§ Data

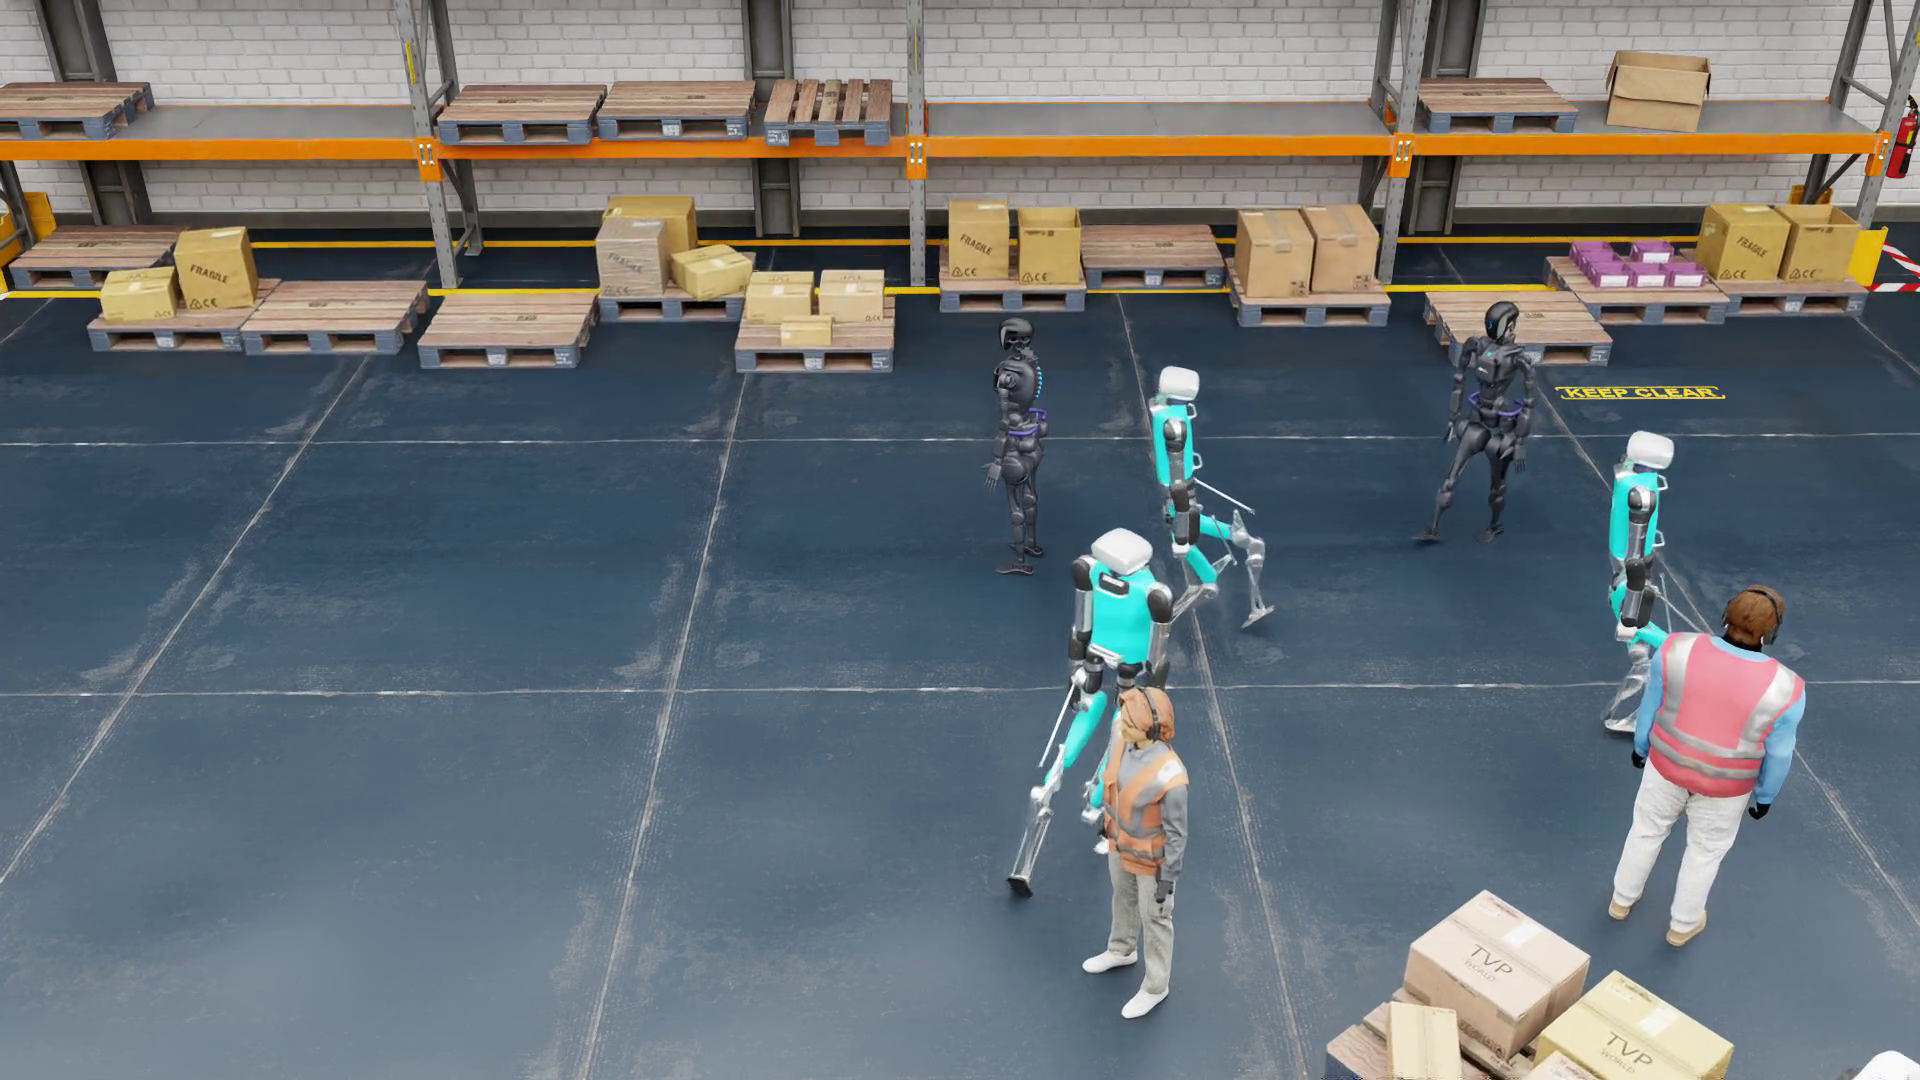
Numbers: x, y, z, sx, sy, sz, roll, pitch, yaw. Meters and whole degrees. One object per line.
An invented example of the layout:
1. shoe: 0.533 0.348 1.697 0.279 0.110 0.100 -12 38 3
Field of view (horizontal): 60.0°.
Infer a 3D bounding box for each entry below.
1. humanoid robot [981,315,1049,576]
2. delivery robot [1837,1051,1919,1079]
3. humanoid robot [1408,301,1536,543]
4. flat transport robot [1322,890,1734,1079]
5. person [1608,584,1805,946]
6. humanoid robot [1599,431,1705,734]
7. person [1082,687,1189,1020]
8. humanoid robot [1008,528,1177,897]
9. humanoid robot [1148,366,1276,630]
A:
1. humanoid robot: 0.343 -0.569 9.976 0.315 1.657 0.599 12 33 19
2. delivery robot: 3.482 2.292 6.323 0.802 0.600 0.499 -23 38 -33
3. humanoid robot: 3.210 -0.670 10.180 0.676 1.638 0.608 -22 38 -32
4. flat transport robot: 2.184 2.330 6.532 1.431 0.231 0.659 -23 38 -33
5. person: 3.243 0.992 7.247 0.635 1.833 0.429 20 36 30
6. humanoid robot: 3.587 0.344 8.502 0.743 1.880 0.548 7 32 11
7. person: 0.750 1.288 6.932 0.311 1.639 0.517 -15 34 -23
8. humanoid robot: 0.522 0.884 7.556 0.547 1.797 0.898 24 38 34
9. humanoid robot: 1.480 -0.147 9.270 1.016 1.767 0.537 -1 31 -2

§ Task details
Set down the data above word for word, leaving every picture out.

§ Response area
Numbers: x, y, z, sx, sy, sz, roll, pitch, yaw. Meters and whole degrees. One object per line.
An invented example of the layout:
1. shoe: 0.533 0.348 1.697 0.279 0.110 0.100 -12 38 3
Field of view (horizontal): 60.0°.
Infer a 3D bounding box for each entry below.
1. humanoid robot [981,315,1049,576]
2. delivery robot [1837,1051,1919,1079]
3. humanoid robot [1408,301,1536,543]
4. flat transport robot [1322,890,1734,1079]
5. person [1608,584,1805,946]
6. humanoid robot [1599,431,1705,734]
7. person [1082,687,1189,1020]
8. humanoid robot [1008,528,1177,897]
9. humanoid robot [1148,366,1276,630]
A:
1. humanoid robot: 0.343 -0.569 9.976 0.315 1.657 0.599 12 33 19
2. delivery robot: 3.482 2.292 6.323 0.802 0.600 0.499 -23 38 -33
3. humanoid robot: 3.210 -0.670 10.180 0.676 1.638 0.608 -22 38 -32
4. flat transport robot: 2.184 2.330 6.532 1.431 0.231 0.659 -23 38 -33
5. person: 3.243 0.992 7.247 0.635 1.833 0.429 20 36 30
6. humanoid robot: 3.587 0.344 8.502 0.743 1.880 0.548 7 32 11
7. person: 0.750 1.288 6.932 0.311 1.639 0.517 -15 34 -23
8. humanoid robot: 0.522 0.884 7.556 0.547 1.797 0.898 24 38 34
9. humanoid robot: 1.480 -0.147 9.270 1.016 1.767 0.537 -1 31 -2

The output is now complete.